*** Opening of Data provided ***

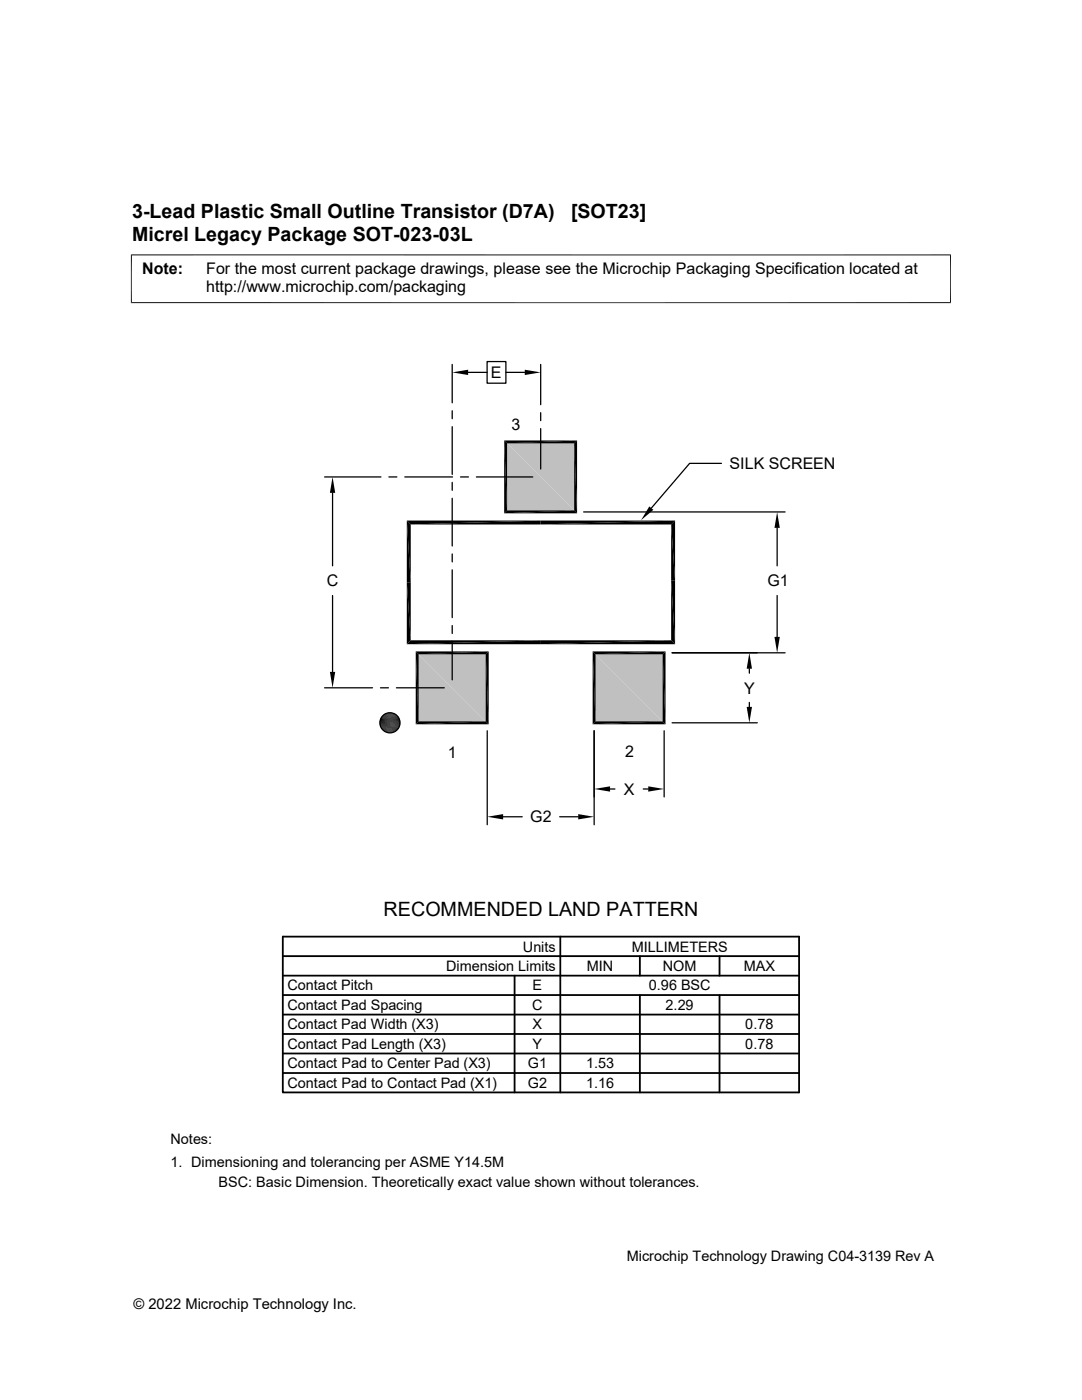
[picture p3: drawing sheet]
<svg xmlns="http://www.w3.org/2000/svg" width="216mm" height="279mm" viewBox="0 0 216 279" stroke-linecap="round" stroke-linejoin="round" font-family="sans-serif">
<defs><g id="words">
<g font-size="3.9">
<text x="26.4" y="43.5">3-Lead Plastic Small Outline Transistor (D7A)</text>
<text x="113.9" y="43.5">[SOT23]</text>
<text x="26.4" y="48">Micrel Legacy Package SOT-023-03L</text>
<text x="76.5" y="182.8">RECOMMENDED LAND PATTERN</text>
</g>
<g font-size="3.2">
<text x="28.4" y="54.6">Note:</text>
<text x="41.1" y="58.3">http://www.microchip.com/packaging</text>
<text x="41.1" y="54.6">For the most current package drawings, please see the Microchip Packaging Specification located at</text>
<text x="98" y="75.5">E</text>
<text x="102.1" y="85.8">3</text>
<text x="145.6" y="93.6">SILK SCREEN</text>
<text x="65.2" y="117">C</text>
<text x="153.1" y="117">G1</text>
<text x="148.5" y="138.4">Y</text>
<text x="89.4" y="151.2">1</text>
<text x="124.8" y="151.1">2</text>
<text x="124.5" y="158.6">X</text>
<text x="105.8" y="164.1">G2</text>
</g>
<g font-size="2.9">
<text x="104.3" y="189.9">Units</text>
<text x="126" y="189.9">MILLIMETERS</text>
<text x="57.3" y="197.7">Contact Pitch</text>
<text x="89" y="193.8">Dimension Limits</text>
<text x="106.3" y="197.7">E</text>
<text x="117.1" y="193.8">MIN</text>
<text x="129.5" y="197.7">0.96 BSC</text>
<text x="132.3" y="193.8">NOM</text>
<text x="148.4" y="193.8">MAX</text>
<text x="57.3" y="201.6">Contact Pad Spacing</text>
<text x="106.2" y="201.6">C</text>
<text x="132.8" y="201.6">2.29</text>
<text x="57.3" y="209.3">Contact Pad Length (X3)</text>
<text x="57.3" y="205.4">Contact Pad Width (X3)</text>
<text x="106.3" y="209.3">Y</text>
<text x="106.3" y="205.4">X</text>
<text x="148.7" y="209.3">0.78</text>
<text x="148.7" y="205.4">0.78</text>
<text x="57.3" y="213.2">Contact Pad to Center Pad (X3)</text>
<text x="105.3" y="213.2">G1</text>
<text x="116.9" y="213.2">1.53</text>
<text x="57.3" y="217.1">Contact Pad to Contact Pad (X1)</text>
<text x="105.3" y="217.1">G2</text>
<text x="116.9" y="217.1">1.16</text>
<text x="34" y="228.3">Notes:</text>
<text x="34" y="232.9">1. Dimensioning and tolerancing per ASME Y14.5M</text>
<text x="43.6" y="236.9">BSC: Basic Dimension. Theoretically exact value shown without tolerances.</text>
<text x="125.1" y="251.7">Microchip Technology Drawing C04-3139 Rev A</text>
<text x="26.6" y="261.3">© 2022 Microchip Technology Inc.</text>
</g>
</g></defs>
<g fill="#c0c0c0">
<path d="M83.2 130.3l14 14h-14z"/>
<path d="M83.2 130.3h14v14z"/>
<path d="M118.6 130.3l13.9 14h-13.9z"/>
<path d="M118.6 130.3h13.9v14z"/>
</g>
<path d="M118.3 130h14.5l-14 .6zM118.8 130.6l14-.6-.6 .6zM132.2 130.6l.6 13.9-.6-.5zM132.2 130.6l.6-.6v14.5zM118.3 130l.5 14-.5 .5zM118.3 130l.5 .6v13.4zM118.8 144h13.4l-13.9 .5zM118.3 144.5l13.9-.5 .6 .5z" fill="#000"/>
<g fill="#c0c0c0">
<path d="M100.9 88.2l14 14h-14z"/>
<path d="M100.9 88.2h14v14z"/>
</g>
<g fill="#000">
<path d="M90.2 74.3l3.2-.5v1zM104.7 73.8l3.2 .5-3.2 .5zM66.4 95.2l.5 3.2h-1.1zM100.6 87.9h14.5l-13.9 .6zM101.2 88.5l13.9-.6-.5 .6zM114.6 88.5l.5 13.9-.5-.5zM114.6 88.5l.5-.6v14.5zM81.2 103.9l.8 12.3h-.8zM81.2 103.9h26.7l-25.9 .8zM81.2 116.2l.8 11.6-.8 .8zM81.2 103.9l.8 .8v11.5zM82 104.7l25.9-.8v.8z"/>
<path d="M81.2 116.2h.8v11.6zM100.6 87.9l.6 14-.6 .5zM100.6 87.9l.6 .6v13.4zM101.2 101.9h13.4l-14 .5zM100.6 102.4l14-.5 .5 .5zM129.6 101.1l.8 .6-2.5 2.1zM133.9 104.7l.8 11.2h-.8zM107.9 104.7l26.8-.8-.8 .8zM133.9 115.9l.8 12.7-.8-.8zM134.7 103.9v12l-.8-11.2zM107.9 103.9h26.8l-26.8 .8zM133.9 115.9h.8v12.7z"/>
<path d="M155.1 102.2l.5 3.1h-1.1zM65.8 134.1h1.1l-.5 3.2zM81.2 128.6l26.7-.8v.8zM81.2 128.6l.8-.8h25.9zM83 130h14.5l-14 .6zM83.5 130.6l14-.6-.6 .6zM96.9 130.6l.6 13.9-.6-.5zM96.9 130.6l.6-.6v14.5zM107.9 127.8h26l-26 .8zM107.9 128.6l26-.8 .8 .8zM149.5 130.3l.6 3.2h-1.1zM154.5 127.1h1.1l-.5 3.2z"/>
<path d="M76.8 146l1.9 .1zM77 142.4l1.8 .1zM77 146.1l1.4 .1zM77 146.1h1.7zM77 142.4h1.7zM77.2 142.3l1.5 .1zM77.2 146.2h1.1zM77.2 146.2h1.2zM77.2 142.3h1.2zM77.4 142.3h1zM77.4 146.2l.6 .1zM77.4 146.2h.9z"/>
<path d="M77.4 142.3h.9zM77.5 142.2l.8 .1zM77.5 146.3h.5zM77.5 142.2h.5zM83 130l.5 14-.5 .5zM83 130l.5 .6v13.4zM83.5 144h13.4l-13.9 .5zM83 144.5l13.9-.5 .6 .5zM118.6 157.5l3.1-.6v1.1zM129.3 156.9l3.2 .6-3.2 .5zM149 141.1h1.1l-.6 3.2zM97.2 163l3.2-.5v1z"/>
<path d="M115.4 162.5l3.2 .5-3.2 .5z"/>
</g>
<g fill="none" stroke="#000" stroke-width=".36">
<path d="M56.4 186.9h103v31.1h-103zM56.4 190.8h103M56.4 194.7h103M56.4 198.6h103M102.7 194.7v23.3M111.8 186.9v31.1M127.7 190.8v3.9M127.7 198.6v19.4M143.6 190.8v3.9M143.6 198.6v19.4M56.4 214.1h103M56.4 202.5h103"/>
<path d="M56.4 206.4h103M56.4 210.2h103"/>
</g>
<g fill="none" stroke="#000" stroke-width=".2">
<path d="M26.1 50.9h163.7M26.2 50.8v9.7M189.7 50.8v9.7M26.1 60.4h163.7M75.8 144h4M75.8 144.2h4M75.8 144.3h4M75.8 144.5h4M75.8 143.8h4M75.8 144.7h4M75.9 144.9h3.9M75.9 143.6h3.9"/>
<path d="M75.9 145.1h3.8M75.9 143.4h3.8M76 143.2h3.6M76 145.3h3.6M76.1 145.4h3.4M76.1 143.1h3.4M76.2 145.6h3.2M76.2 142.9h3.2M76.3 145.7h3M76.3 142.8h3M76.5 142.7h2.6M76.5 145.8h2.6"/>
<path d="M76.6 142.5h2.4M76.6 146h2.4M76.8 146.1h2M76.8 142.5h2"/>
</g>
<g fill="none" stroke="#000" stroke-width=".25">
<path d="M90.2 72.7v7.7M93.4 74.3h3.8M97.2 72.2h3.7v4.3h-3.7zM100.9 74.3h3.8M107.9 72.7v8.1M64.8 95.2h11.2M66.4 98.4v14.5M77.6 95.2h1.6M80.8 95.2h9.5M90.2 82v1.6M90.2 85.2v9.5M90.2 96.3v1.6"/>
<path d="M90.2 99.4v9.6M91.9 95.2h1.6M95.1 95.2h11.2M107.9 82.4v1.5M107.9 85.5v8.1M144 92.5h-6.4l-7.6 8.9M66.4 118.9v15.2M90.2 110.6v1.5M90.2 113.7v9.6M116.5 102.2h40.2M155.1 105.3v7.6M155.1 118.9v8.2"/>
<path d="M64.8 137.3h9.5M75.9 137.3h1.6M79.1 137.3h9.5M90.2 124.8v1.6M90.2 128v7.7M134.1 130.3h22.6M149.5 133.5v.8M97.2 145.8v18.8M118.6 145.8v18.8M121.7 157.5h1M128.4 157.5h.9M132.5 145.8v13.2"/>
<path d="M134.1 144.3h17M149.5 140.2v.9M100.4 163h3.8M111.7 163h3.7"/>
<circle cx="77.8" cy="144.2" r="2.01"/>
</g>
<use href="#words"/>
</svg>

*** Close of Data provided ***

What to work on | Above are the records; copy exactly the lines from the line with "186.9h103v31.1h-103zM56.4 190.8h103M56.4 194.7h103M56.4" through the line with "50.9h163.7M26.2 50.8v9.7M189.7 50.8v9.7M26.1", both included.

Answer |
<path d="M56.4 186.9h103v31.1h-103zM56.4 190.8h103M56.4 194.7h103M56.4 198.6h103M102.7 194.7v23.3M111.8 186.9v31.1M127.7 190.8v3.9M127.7 198.6v19.4M143.6 190.8v3.9M143.6 198.6v19.4M56.4 214.1h103M56.4 202.5h103"/>
<path d="M56.4 206.4h103M56.4 210.2h103"/>
</g>
<g fill="none" stroke="#000" stroke-width=".2">
<path d="M26.1 50.9h163.7M26.2 50.8v9.7M189.7 50.8v9.7M26.1 60.4h163.7M75.8 144h4M75.8 144.2h4M75.8 144.3h4M75.8 144.5h4M75.8 143.8h4M75.8 144.7h4M75.9 144.9h3.9M75.9 143.6h3.9"/>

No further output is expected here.